4.4 Benchmarks of ApplyBQSR

We did a benchmark on the performance of ApplyBQSR with different CPUs and memory allocation. As show in figure 4.4, the running time is not reduce much when using more than 2 threads. This tool is not based on Spark so any additional threads are only used for garbage collection.

ApplyBQSR runtime as a function of the number of threads.

Figure 4.4: ApplyBQSR runtime as a function of the number of threads.

We normally recommend to run jobs with 70%-80% efficiency. Based on the results shown in figure 4.5 ApplyBQSR should be run with no more than 2 threads.

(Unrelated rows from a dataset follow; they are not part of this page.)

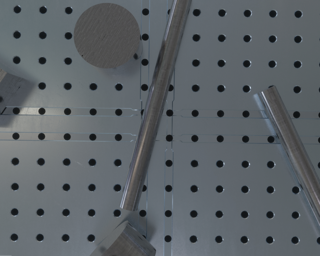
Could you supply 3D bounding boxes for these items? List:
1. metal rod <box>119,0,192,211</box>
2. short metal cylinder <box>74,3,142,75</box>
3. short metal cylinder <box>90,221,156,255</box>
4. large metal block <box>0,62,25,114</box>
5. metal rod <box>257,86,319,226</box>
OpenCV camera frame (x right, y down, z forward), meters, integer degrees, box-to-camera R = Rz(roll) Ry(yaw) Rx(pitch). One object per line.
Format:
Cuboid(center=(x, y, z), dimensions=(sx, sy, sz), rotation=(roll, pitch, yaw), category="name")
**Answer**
Cuboid(center=(-0.005, -0.038, 0.413), dimensions=(0.025, 0.025, 0.298), rotation=(15, 90, 0), category="metal rod")
Cuboid(center=(-0.064, -0.112, 0.400), dimensions=(0.081, 0.050, 0.079), rotation=(0, 90, 0), category="short metal cylinder")
Cuboid(center=(-0.051, 0.163, 0.385), dimensions=(0.080, 0.080, 0.050), rotation=(-44, 90, 0), category="short metal cylinder")
Cuboid(center=(-0.241, -0.057, 0.399), dimensions=(0.080, 0.050, 0.080), rotation=(35, 90, 0), category="large metal block")
Cuboid(center=(0.206, 0.084, 0.414), dimensions=(0.025, 0.025, 0.299), rotation=(-25, 90, 0), category="metal rod")

ApplyBQSR efficiency calculated from runtimes

Figure 4.5: ApplyBQSR efficiency calculated from runtimes

Increasing memory didn’t improve the performance.(figure 4.6).

ApplyBQSR runtime as a function of memory

Figure 4.6: ApplyBQSR runtime as a function of memory

4.5 Optimized script for ApplyBQSR

We apply the recalibration model to each sample:

cd data/; \
gatk --java-options "-Djava.io.tmpdir=/lscratch/$SLURM_JOBID -Xms2G -Xmx2G -XX:ParallelGCThreads=2" ApplyBQSR \
  -I NA12878_markdup.bam \
  -R /fdb/igenomes/Homo_sapiens/UCSC/hg38/Sequence/WholeGenomeFasta/genome.fa \
  --bqsr-recal-file NA12878_markdup_bqsr.report \
  -O NA12878_markdup_bqsr.bam

cd data/; \
gatk --java-options "-Djava.io.tmpdir=/lscratch/$SLURM_JOBID -Xms2G -Xmx2G -XX:ParallelGCThreads=2" ApplyBQSR \
  -I NA12891_markdup.bam \
  -R /fdb/igenomes/Homo_sapiens/UCSC/hg38/Sequence/WholeGenomeFasta/genome.fa \
  --bqsr-recal-file NA12891_markdup_bqsr.report \
  -O NA12891_markdup_bqsr.bam

cd data/; \
gatk --java-options "-Djava.io.tmpdir=/lscratch/$SLURM_JOBID -Xms2G -Xmx2G -XX:ParallelGCThreads=2" ApplyBQSR \
  -I NA12892_markdup.bam \
  -R /fdb/igenomes/Homo_sapiens/UCSC/hg38/Sequence/WholeGenomeFasta/genome.fa \
  --bqsr-recal-file NA12892_markdup_bqsr.report \
  -O NA12892_markdup_bqsr.bam

Job submission on Biowulf using swarm:

swarm -t 2 -g 2 --gres=lscratch:400 --time=24:00:00 -m GATK/4.3.0.0 -f 04-GATK_ApplyBQSR.sh

Note:

  • BQSR is read group specific.
  • BQSRPipelineSpark is not discussed here since it is a BETA tool and is not yet ready for use in production.